▸ **Input data**
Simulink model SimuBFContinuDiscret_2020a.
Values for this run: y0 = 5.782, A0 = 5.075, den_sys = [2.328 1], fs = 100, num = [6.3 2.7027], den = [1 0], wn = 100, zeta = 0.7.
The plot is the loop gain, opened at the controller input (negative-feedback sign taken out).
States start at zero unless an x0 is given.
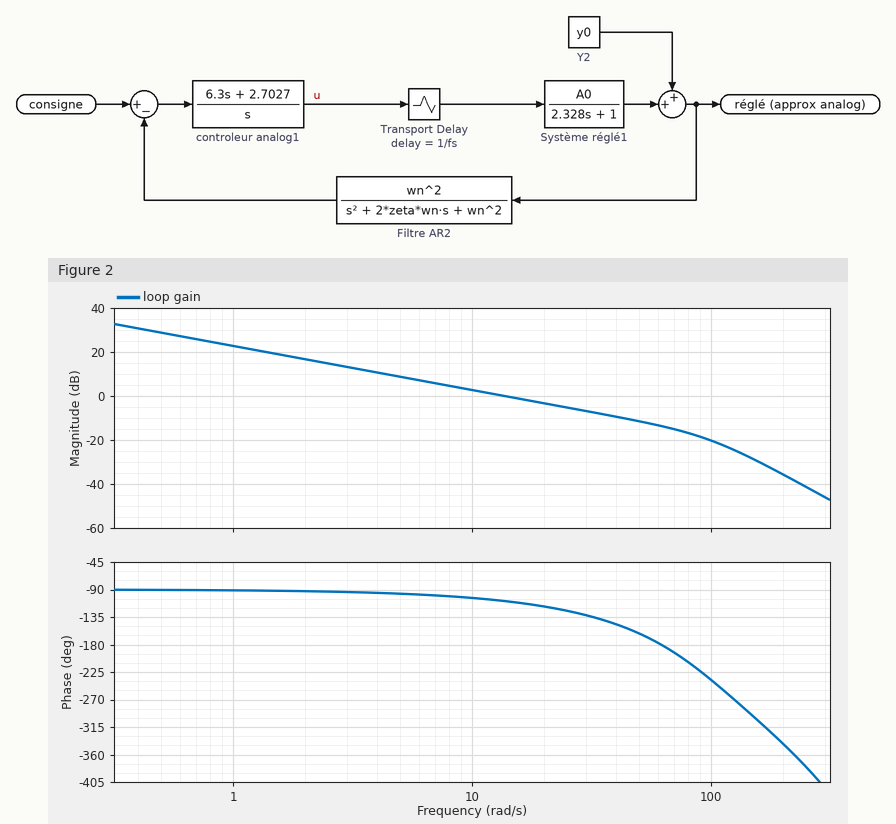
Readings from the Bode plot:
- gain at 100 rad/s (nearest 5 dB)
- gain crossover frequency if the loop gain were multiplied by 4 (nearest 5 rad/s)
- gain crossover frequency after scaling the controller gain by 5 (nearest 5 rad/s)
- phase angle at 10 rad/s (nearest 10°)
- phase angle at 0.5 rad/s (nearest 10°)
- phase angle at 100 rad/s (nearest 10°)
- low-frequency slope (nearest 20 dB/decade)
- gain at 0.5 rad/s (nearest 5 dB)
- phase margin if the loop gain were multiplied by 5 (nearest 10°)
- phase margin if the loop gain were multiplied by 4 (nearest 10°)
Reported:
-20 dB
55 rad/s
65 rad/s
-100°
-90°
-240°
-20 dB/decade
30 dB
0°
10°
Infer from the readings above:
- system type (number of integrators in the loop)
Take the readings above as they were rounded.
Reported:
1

▸ **What is needed**
Repeat the material above verbatim, with no pictures in the output.

▸ **Answer for the task**
Simulink model SimuBFContinuDiscret_2020a.
Values for this run: y0 = 5.782, A0 = 5.075, den_sys = [2.328 1], fs = 100, num = [6.3 2.7027], den = [1 0], wn = 100, zeta = 0.7.
The plot is the loop gain, opened at the controller input (negative-feedback sign taken out).
States start at zero unless an x0 is given.
Readings from the Bode plot:
- gain at 100 rad/s (nearest 5 dB)
- gain crossover frequency if the loop gain were multiplied by 4 (nearest 5 rad/s)
- gain crossover frequency after scaling the controller gain by 5 (nearest 5 rad/s)
- phase angle at 10 rad/s (nearest 10°)
- phase angle at 0.5 rad/s (nearest 10°)
- phase angle at 100 rad/s (nearest 10°)
- low-frequency slope (nearest 20 dB/decade)
- gain at 0.5 rad/s (nearest 5 dB)
- phase margin if the loop gain were multiplied by 5 (nearest 10°)
- phase margin if the loop gain were multiplied by 4 (nearest 10°)
Reported:
-20 dB
55 rad/s
65 rad/s
-100°
-90°
-240°
-20 dB/decade
30 dB
0°
10°
Infer from the readings above:
- system type (number of integrators in the loop)
Take the readings above as they were rounded.
Reported:
1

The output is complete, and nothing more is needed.